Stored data

------------------------------

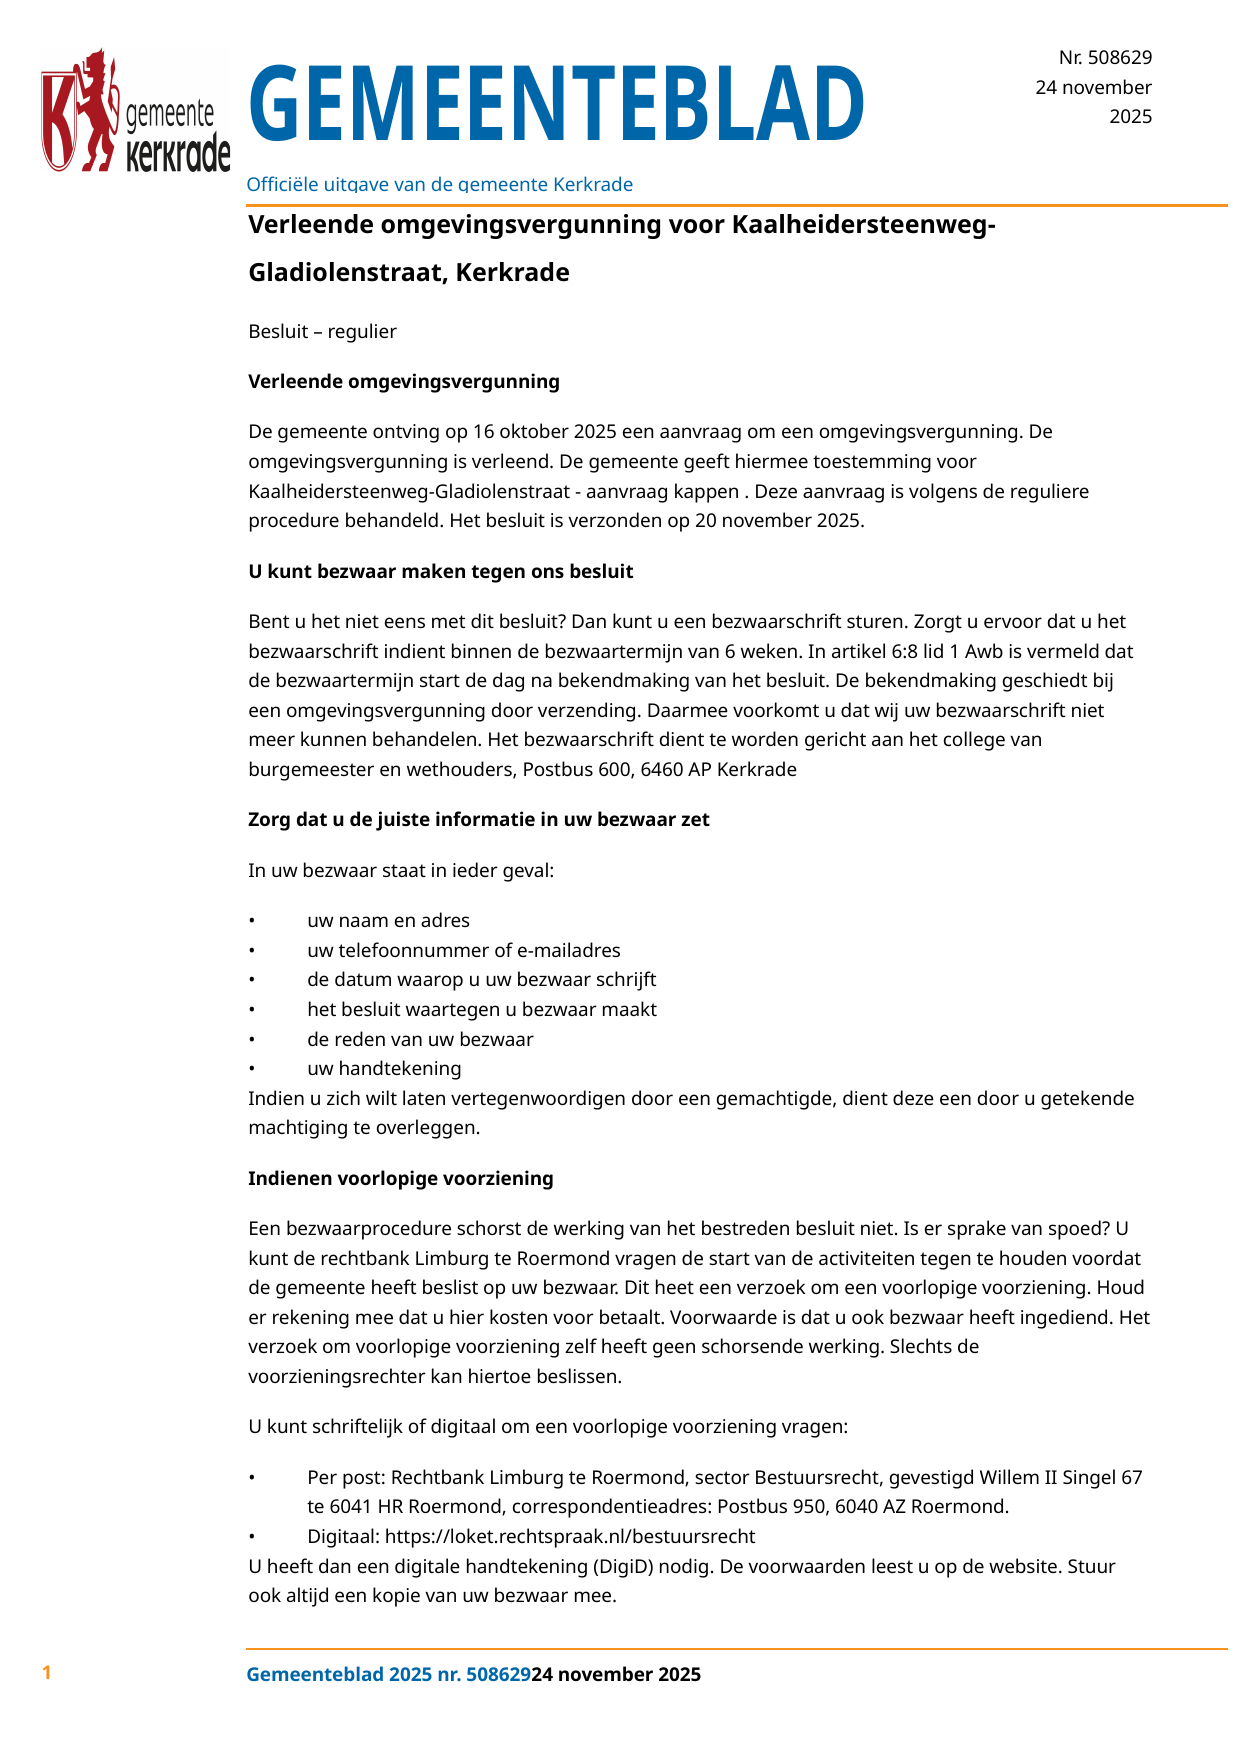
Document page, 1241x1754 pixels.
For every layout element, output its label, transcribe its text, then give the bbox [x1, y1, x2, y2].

text Besluit – regulier [248, 318, 1152, 344]
list uw telefoonnummer of e-mailadres [248, 937, 1152, 963]
text Indienen voorlopige voorziening [248, 1165, 1152, 1191]
text Indien u zich wilt laten vertegenwoordigen door een gemachtigde, dient deze een door u getekende machtiging te overleggen. [248, 1085, 1152, 1140]
list het besluit waartegen u bezwaar maakt [248, 996, 1152, 1022]
list Digitaal: https://loket.rechtspraak.nl/bestuursrecht [248, 1523, 1152, 1549]
list uw naam en adres [248, 907, 1152, 933]
text Een bezwaarprocedure schorst de werking van het bestreden besluit niet. Is er sprake van spoed? U kunt de rechtbank Limburg te Roermond vragen de start van de activiteiten tegen te houden voordat de gemeente heeft beslist op uw bezwaar. Dit heet een verzoek om een voorlopige voorziening. Houd er rekening mee dat u hier kosten voor betaalt. Voorwaarde is dat u ook bezwaar heeft ingediend. Het verzoek om voorlopige voorziening zelf heeft geen schorsende werking. Slechts de voorzieningsrechter kan hiertoe beslissen. [248, 1215, 1152, 1389]
text Verleende omgevingsvergunning [248, 368, 1152, 394]
list uw handtekening [248, 1055, 1152, 1081]
text Verleende omgevingsvergunning voor Kaalheidersteenweg-Gladiolenstraat, Kerkrade [248, 207, 1152, 288]
text U kunt schriftelijk of digitaal om een voorlopige voorziening vragen: [248, 1414, 1152, 1439]
text U kunt bezwaar maken tegen ons besluit [248, 558, 1152, 584]
list de reden van uw bezwaar [248, 1026, 1152, 1052]
list Per post: Rechtbank Limburg te Roermond, sector Bestuursrecht, gevestigd Willem II Singel 67 te 6041 HR Roermond, correspondentieadres: Postbus 950, 6040 AZ Roermond. [248, 1464, 1152, 1519]
text U heeft dan een digitale handtekening (DigiD) nodig. De voorwaarden leest u op de website. Stuur ook altijd een kopie van uw bezwaar mee. [248, 1553, 1152, 1608]
list de datum waarop u uw bezwaar schrijft [248, 967, 1152, 992]
text Bent u het niet eens met dit besluit? Dan kunt u een bezwaarschrift sturen. Zorgt u ervoor dat u het bezwaarschrift indient binnen de bezwaartermijn van 6 weken. In artikel 6:8 lid 1 Awb is vermeld dat de bezwaartermijn start de dag na bekendmaking van het besluit. De bekendmaking geschiedt bij een omgevingsvergunning door verzending. Daarmee voorkomt u dat wij uw bezwaarschrift niet meer kunnen behandelen. Het bezwaarschrift dient te worden gericht aan het college van burgemeester en wethouders, Postbus 600, 6460 AP Kerkrade [248, 608, 1152, 782]
text De gemeente ontving op 16 oktober 2025 een aanvraag om een omgevingsvergunning. De omgevingsvergunning is verleend. De gemeente geeft hiermee toestemming voor Kaalheidersteenweg-Gladiolenstraat - aanvraag kappen . Deze aanvraag is volgens de reguliere procedure behandeld. Het besluit is verzonden op 20 november 2025. [248, 419, 1152, 533]
picture [41, 47, 231, 172]
text Zorg dat u de juiste informatie in uw bezwaar zet [248, 807, 1152, 832]
text In uw bezwaar staat in ieder geval: [248, 857, 1152, 883]

------------------------------

* [TASK TO COMPLETE]: Taking the line with "text Indien u" as the first and the line with "list Per post: Rechtbank" as the last, retype that stretch of the data above exactly, with no other lines.

* [RESPONSE AREA]:
text Indien u zich wilt laten vertegenwoordigen door een gemachtigde, dient deze een door u getekende machtiging te overleggen. [248, 1085, 1152, 1140]
list het besluit waartegen u bezwaar maakt [248, 996, 1152, 1022]
list Digitaal: https://loket.rechtspraak.nl/bestuursrecht [248, 1523, 1152, 1549]
list uw naam en adres [248, 907, 1152, 933]
text Een bezwaarprocedure schorst de werking van het bestreden besluit niet. Is er sprake van spoed? U kunt de rechtbank Limburg te Roermond vragen de start van de activiteiten tegen te houden voordat de gemeente heeft beslist op uw bezwaar. Dit heet een verzoek om een voorlopige voorziening. Houd er rekening mee dat u hier kosten voor betaalt. Voorwaarde is dat u ook bezwaar heeft ingediend. Het verzoek om voorlopige voorziening zelf heeft geen schorsende werking. Slechts de voorzieningsrechter kan hiertoe beslissen. [248, 1215, 1152, 1389]
text Verleende omgevingsvergunning [248, 368, 1152, 394]
list uw handtekening [248, 1055, 1152, 1081]
text Verleende omgevingsvergunning voor Kaalheidersteenweg-Gladiolenstraat, Kerkrade [248, 207, 1152, 288]
text U kunt schriftelijk of digitaal om een voorlopige voorziening vragen: [248, 1414, 1152, 1439]
text U kunt bezwaar maken tegen ons besluit [248, 558, 1152, 584]
list de reden van uw bezwaar [248, 1026, 1152, 1052]
list Per post: Rechtbank Limburg te Roermond, sector Bestuursrecht, gevestigd Willem II Singel 67 te 6041 HR Roermond, correspondentieadres: Postbus 950, 6040 AZ Roermond. [248, 1464, 1152, 1519]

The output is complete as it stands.